• Aim of the task
Find every line in the entries that holds the string "CONNECTOR" and report it.

• Raw data

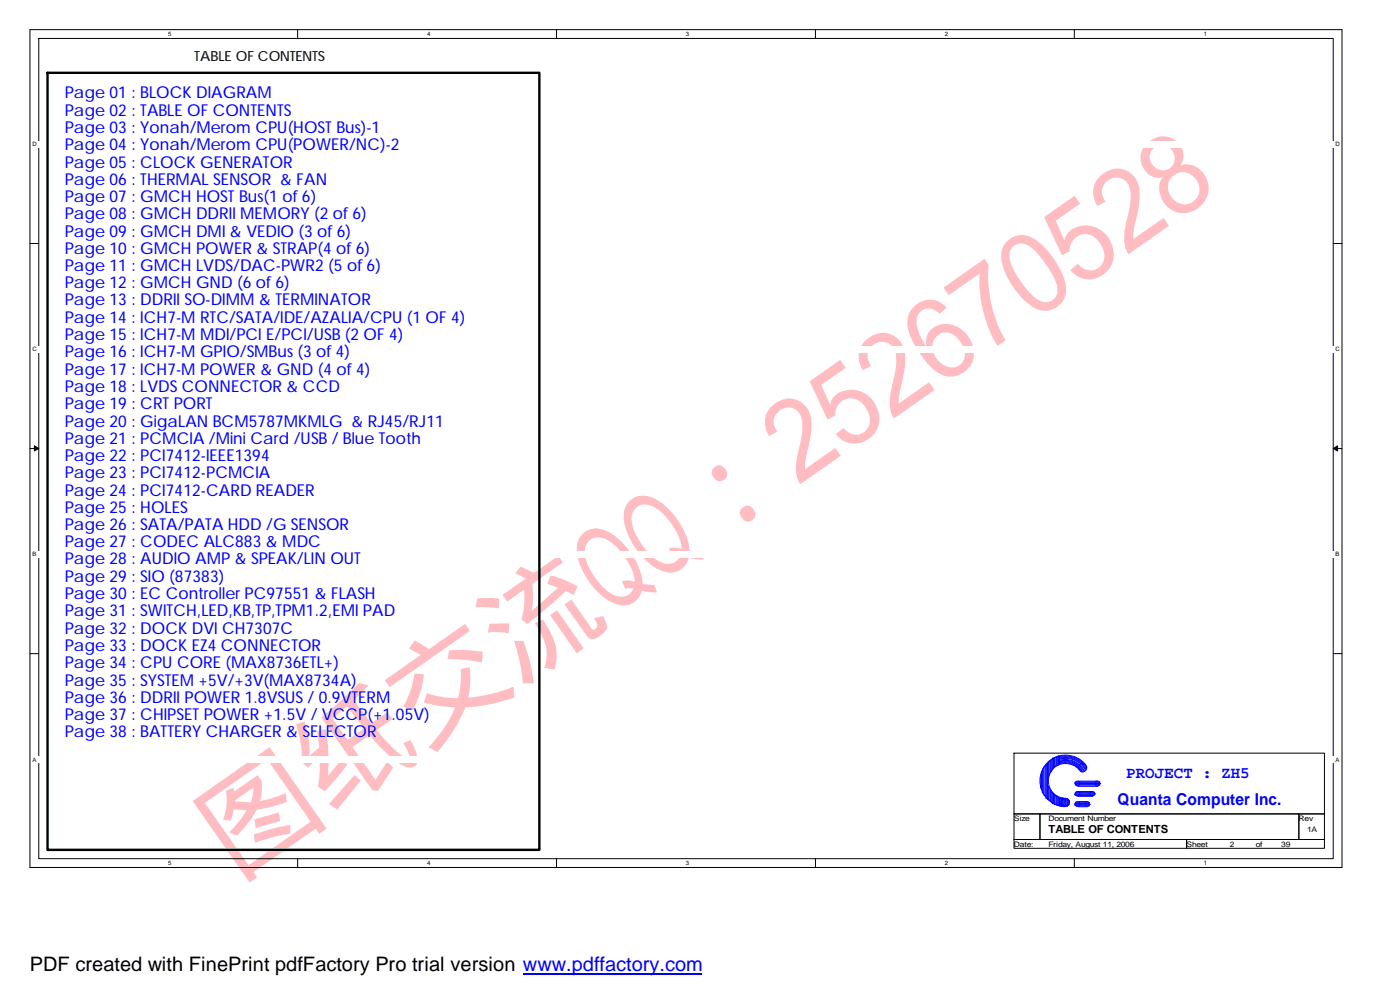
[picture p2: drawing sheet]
<svg xmlns="http://www.w3.org/2000/svg" width="297mm" height="210mm" viewBox="0 0 297 210" stroke-linecap="round" stroke-linejoin="round" font-family="sans-serif">
<defs><g id="words">
<text font-size="24.3" fill="#ffbdc2" x="49.9" y="186.4" transform="rotate(-35 49.9 186.4)">图纸交流QQ：252670528</text>
<text font-size="4.2" x="6.3" y="205.7">PDF created with FinePrint pdfFactory Pro trial version www.pdffactory.com</text>
<g font-size="3.5" fill="#00f">
<text x="13.7" y="20.8">Page 01 : BLOCK DIAGRAM</text>
<text x="13.7" y="24.5">Page 02 : TABLE OF CONTENTS</text>
<text x="13.7" y="28.1">Page 03 : Yonah/Merom CPU(HOST Bus)-1</text>
<text x="13.7" y="35.5">Page 05 : CLOCK GENERATOR</text>
<text x="13.7" y="31.8">Page 04 : Yonah/Merom CPU(POWER/NC)-2</text>
<text x="13.7" y="39.1">Page 06 : THERMAL SENSOR &amp; FAN</text>
<text x="13.7" y="42.8">Page 07 : GMCH HOST Bus(1 of 6)</text>
<text x="13.7" y="46.4">Page 08 : GMCH DDRII MEMORY (2 of 6)</text>
<text x="13.7" y="50.1">Page 09 : GMCH DMI &amp; VEDIO (3 of 6)</text>
<text x="13.7" y="53.8">Page 10 : GMCH POWER &amp; STRAP(4 of 6)</text>
<text x="13.7" y="57.4">Page 11 : GMCH LVDS/DAC-PWR2 (5 of 6)</text>
<text x="13.7" y="61.1">Page 12 : GMCH GND (6 of 6)</text>
<text x="13.7" y="64.7">Page 13 : DDRII SO-DIMM &amp; TERMINATOR</text>
<text x="13.7" y="68.4">Page 14 : ICH7-M RTC/SATA/IDE/AZALIA/CPU (1 OF 4)</text>
<text x="13.7" y="75.7">Page 16 : ICH7-M GPIO/SMBus (3 of 4)</text>
<text x="13.7" y="72.1">Page 15 : ICH7-M MDI/PCI E/PCI/USB (2 OF 4)</text>
<text x="13.7" y="83">Page 18 : LVDS CONNECTOR &amp; CCD</text>
<text x="13.7" y="79.3">Page 17 : ICH7-M POWER &amp; GND (4 of 4)</text>
<text x="13.7" y="86.7">Page 19 : CRT PORT</text>
<text x="13.7" y="94">Page 21 : PCMCIA /Mini Card /USB / Blue Tooth</text>
<text x="13.7" y="90.4">Page 20 : GigaLAN BCM5787MKMLG &amp; RJ45/RJ11</text>
<text x="13.7" y="97.6">Page 22 : PCI7412-IEEE1394</text>
<text x="13.7" y="101.3">Page 23 : PCI7412-PCMCIA</text>
<text x="13.7" y="105">Page 24 : PCI7412-CARD READER</text>
<text x="13.7" y="108.6">Page 25 : HOLES</text>
<text x="13.7" y="112.3">Page 26 : SATA/PATA HDD /G SENSOR</text>
<text x="13.7" y="115.9">Page 27 : CODEC ALC883 &amp; MDC</text>
<text x="13.7" y="119.6">Page 28 : AUDIO AMP &amp; SPEAK/LIN OUT</text>
<text x="13.7" y="123.3">Page 29 : SIO (87383)</text>
<text x="13.7" y="126.9">Page 30 : EC Controller PC97551 &amp; FLASH</text>
<text x="13.7" y="130.6">Page 31 : SWITCH,LED,KB,TP,TPM1.2,EMI PAD</text>
<text x="13.7" y="134.2">Page 32 : DOCK DVI CH7307C</text>
<text x="13.7" y="137.9">Page 33 : DOCK EZ4 CONNECTOR</text>
<text x="13.7" y="141.6">Page 34 : CPU CORE (MAX8736ETL+)</text>
<text x="13.7" y="145.2">Page 35 : SYSTEM +5V/+3V(MAX8734A)</text>
<text x="13.7" y="148.9">Page 36 : DDRII POWER 1.8VSUS / 0.9VTERM</text>
<text x="13.7" y="152.5">Page 37 : CHIPSET POWER +1.5V / VCCP(+1.05V)</text>
<text x="13.7" y="156.1">Page 38 : BATTERY CHARGER &amp; SELECTOR</text>
<text x="238.7" y="164.7">PROJECT : ZH5</text>
<text x="236.8" y="170.4">Quanta Computer Inc.</text>
</g>
<text font-size="3" fill="#004000" x="41.1" y="12.9">TABLE OF CONTENTS</text>
<text font-size="2.4" x="222.2" y="176.4">TABLE OF CONTENTS</text>
<g font-size="1.6">
<text x="214.9" y="173.9">Size</text>
<text x="222.2" y="173.9">Document Number</text>
<text x="275.2" y="173.9">Rev</text>
<text x="214.9" y="179.3">Date:</text>
<text x="222.2" y="179.3">Friday, August 11, 2006</text>
<text x="251.5" y="179.3">Sheet</text>
<text x="260.6" y="179.3">2</text>
<text x="266.1" y="179.3">of</text>
<text x="271.5" y="179.3">39</text>
<text x="277" y="176.1">1A</text>
</g>
<g font-size="1.3">
<text x="35.6" y="7.7">5</text>
<text x="90.5" y="7.7">4</text>
<text x="145.4" y="7.7">3</text>
<text x="200.2" y="7.7">2</text>
<text x="255.1" y="7.7">1</text>
<text x="6.9" y="31">D</text>
<text x="283" y="31">D</text>
<text x="6.9" y="74.4">C</text>
<text x="283" y="74.4">C</text>
<text x="6.9" y="117.9">B</text>
<text x="283" y="117.9">B</text>
<text x="6.9" y="161.3">A</text>
<text x="283" y="161.3">A</text>
<text x="35.6" y="183.3">5</text>
<text x="90.5" y="183.3">4</text>
<text x="145.4" y="183.3">3</text>
<text x="200.2" y="183.3">2</text>
<text x="255.1" y="183.3">1</text>
</g>
</g></defs>
<path d="M6.3 6.3h278.1v177.4h-278zM8.2 8.1h274.3v173.8h-274.3z" fill="none" stroke="#000" stroke-width=".21"/>
<g fill="#fff">
<path d="M35.6 6.5h.7v1.5h-.7z"/>
<path d="M35.6 182.1h.7v1.5h-.7z"/>
</g>
<path d="M63.1 6.3v1.8M63.1 181.9v1.8" fill="none" stroke="#000" stroke-width=".21"/>
<g fill="#fff">
<path d="M90.5 6.5h.7v1.5h-.7z"/>
<path d="M90.5 182.1h.7v1.5h-.7z"/>
</g>
<path d="M117.9 6.3v1.8M117.9 181.9v1.8" fill="none" stroke="#000" stroke-width=".21"/>
<g fill="#fff">
<path d="M145.4 6.5h.6v1.5h-.6z"/>
<path d="M145.4 182.1h.6v1.5h-.6z"/>
</g>
<path d="M172.8 6.3v1.8M172.8 181.9v1.8" fill="none" stroke="#000" stroke-width=".21"/>
<g fill="#fff">
<path d="M200.2 6.5h.7v1.5h-.7z"/>
<path d="M200.2 182.1h.7v1.5h-.7z"/>
</g>
<path d="M227.7 6.3v1.8M227.7 181.9v1.8" fill="none" stroke="#000" stroke-width=".21"/>
<g fill="#fff">
<path d="M255.1 6.5h.7v1.5h-.7z"/>
<path d="M255.1 182.1h.7v1.5h-.7z"/>
<path d="M6.9 29.8h277.1v1.5h-277.1z"/>
<path d="M6.9 73.3h277.1v1.4h-277.1z"/>
</g>
<path d="M6.4 51.6h1.8M282.5 51.6h1.9" fill="none" stroke="#000" stroke-width=".21"/>
<path d="M6.9 116.7h277v1.4h-277z" fill="#fff"/>
<path d="M6.4 95h1.8M282.5 95h1.9" fill="none" stroke="#000" stroke-width=".21"/>
<path d="M7.3 94.4l.9 .6-.9 .5zM282.5 95l1-.6v1.1z" fill="#000" stroke="#000" stroke-width=".21"/>
<path d="M6.9 160.1h276.9v1.5h-276.9z" fill="#fff"/>
<path d="M6.4 138.4h1.8M282.5 138.4h1.9M214.9 159.5h65.8v12.9h-65.8zM214.9 172.4h5.5v5.4h-5.5zM214.9 177.8h36.6v1.9h-36.6zM220.4 172.4h54.9v5.4h-54.9zM251.5 177.8h29.2v1.9h-29.2zM275.3 172.4h5.4v5.4h-5.4z" fill="none" stroke="#000" stroke-width=".21"/>
<path d="M10.1 15.4h104.2v164.6h-104.2z" fill="none" stroke="#000" stroke-width=".51"/>
<g fill="none" stroke="#00f" stroke-width=".21">
<path d="M220.6 164.1v2.7M220.6 166.7l.2 .6M220.7 163.5v3.7M220.9 163.3v4.6M220.9 167.8l.2 .3M221 163.2l-.3 .4M221.1 162.7v5.3M221.2 162.5v5.9M221.2 168.3l.4 .3M221.3 162.4l-.2 .4M221.5 162.2v6.3M221.7 162.2v7"/>
<path d="M221.7 162.1l-.2 .2M221.8 161.9v7.2M222 161.7v7.6M222 169.3h.3M222.1 161.6l-.3 .4M222.2 161.4v3.2M222.2 166.5v2.8M222.2 166.6l.2 .4M222.3 161.3v2.6M222.3 166.9v2.6M222.3 169.4l.4 .3M222.4 163.8l-.2 .7"/>
<path d="M222.6 161.2v2.5M222.6 167.1v2.5M222.6 167.2l.2 .5M222.7 161.1l-.4 .3M222.8 161v2.4M222.8 167.7v2.2M222.8 169.8l.2 .3M222.8 163.3l-.2 .3M222.9 160.9v2.3M222.9 167.7v2.3M222.9 167.8l.3 .3M223 160.8l-.2 .3"/>
<path d="M223.1 170.2h.3M223.1 160.5v2.3M223.1 168v2.3M223.1 160.6h.3M223.2 162.7l-.3 .4M223.3 168.2l.2 .2M223.3 160.6v2.1M223.3 168.1v2.1M223.4 170.4h.3M223.4 160.5v2M223.4 168.3v2.1M223.5 162.4l-.2 .3"/>
<path d="M223.6 160.5v1.9M223.6 168.4v2M223.6 168.5l.3 .3M223.7 160.4l-.3 .2M223.9 160.4v1.8M223.9 168.7v1.7M223.9 170.4l.2 .2M223.9 162.1l-.3 .2M224 160.3v1.9M224 168.6v1.9M224 168.7l.3 .3M224.1 160.2l-.2 .3"/>
<path d="M224.1 161.6l.3 .4M224.2 170.5h.3M224.2 160.2v1.5M224.2 168.9v1.7M224.3 161.1l1.4-.2a4.5 4.5 0 0 1 4.2 2.5M224.3 160.8a5.2 5.2 0 0 1 5.7 2.2M224.3 160.6a5.2 5.2 0 0 1 5.8 2.4M224.4 160.1v2M224.4 168.9v1.6M224.4 169.1h.2M224.4 161.8a4 4 0 0 1 4.8 1.7M224.4 161.6a4.1 4.1 0 0 1 5 1.9"/>
<path d="M224.4 161.5a4.2 4.2 0 0 1 5 1.7M224.4 161.3a4.3 4.3 0 0 1 5.3 2.1M224.5 170.7h.5M224.5 160l-.3 .3M224.5 160.5a5.2 5.2 0 0 1 5.7 2.2M224.5 160.3a5.3 5.3 0 0 1 5.8 2.3M224.5 170.5h.3M224.5 160.2v1.5M224.5 169.1v1.5M224.7 169.1h.3M224.7 169v1.5M225 169.1v1.7"/>
<path d="M225.1 169.1v1.7M225.2 169l-.7 1.7M225.3 169v1.5M225.3 169.1l.3 .4M225.4 170.4l-.3 .3M225.5 170.7h.2M225.5 169.4v1.4M225.6 169.3h.3M225.6 169.2v1.5M225.8 170.7h.3M225.8 169.3v1.5M226.1 169.3h.2"/>
<path d="M226.1 169.2v1.5M226.2 169.3v1.5M226.4 169.3v1.2M226.4 169.4l.3 .3M226.5 170.4l-.3 .3M226.6 169.6v.8M227.8 165.8h5.2M227.8 168.3h4.1M227.8 170.2h3M227.8 170.5h3M227.8 165.8v.2M227.8 170.2v.2"/>
<path d="M227.8 166h5.5M227.8 168.2h4.4M227.8 168.3l.5 .3M227.8 170.4h3.3M227.8 170.5l.5 .3M227.9 166.1h5.1M227.9 168h4M228 165.6h5.1M228 166.1l.3 .3M228 167.8h4M228 168l-.2 .2M228 170h2.9"/>
<path d="M228.2 166.3h4.9M228.2 168.5h3.6M228.2 170.7h2.7M228.4 169.8h2.1M228.4 170.9h2.1M228.4 168.7h3.2M228.4 167.7h3.2M228.4 166.6h4.3M228.4 165.5h4.3M228.7 163a3.7 3.7 0 0 0-6.2 .8 3.7 3.7 0 0 0 3.2 5.3M230 162a5.5 5.5 0 0 0-9.1 1 5.5 5.5 0 0 0 4.8 7.9M230.8 170v.3"/>
<path d="M231 170.4l-.3 .2M231.9 167.8v.3M232.1 168.2l-.3 .2M233 165.6v.3M233.2 166l-.3 .2"/>
<circle cx="225.8" cy="169.9" r=".85"/>
<circle cx="228.3" cy="166" r=".52"/>
<circle cx="228.3" cy="170.3" r=".52"/>
<circle cx="228.4" cy="168.1" r=".5"/>
<circle cx="229.4" cy="162.6" r=".87"/>
<circle cx="230.4" cy="170.3" r=".52"/>
<circle cx="231.5" cy="168.1" r=".5"/>
<circle cx="232.6" cy="166" r=".52"/>
</g>
<path d="M110.8 206.3h37.9" fill="none" stroke="#00f" stroke-width=".34"/>
<use href="#words"/>
</svg>

• Result of this task
<text x="13.7" y="83">Page 18 : LVDS CONNECTOR &amp; CCD</text>
<text x="13.7" y="137.9">Page 33 : DOCK EZ4 CONNECTOR</text>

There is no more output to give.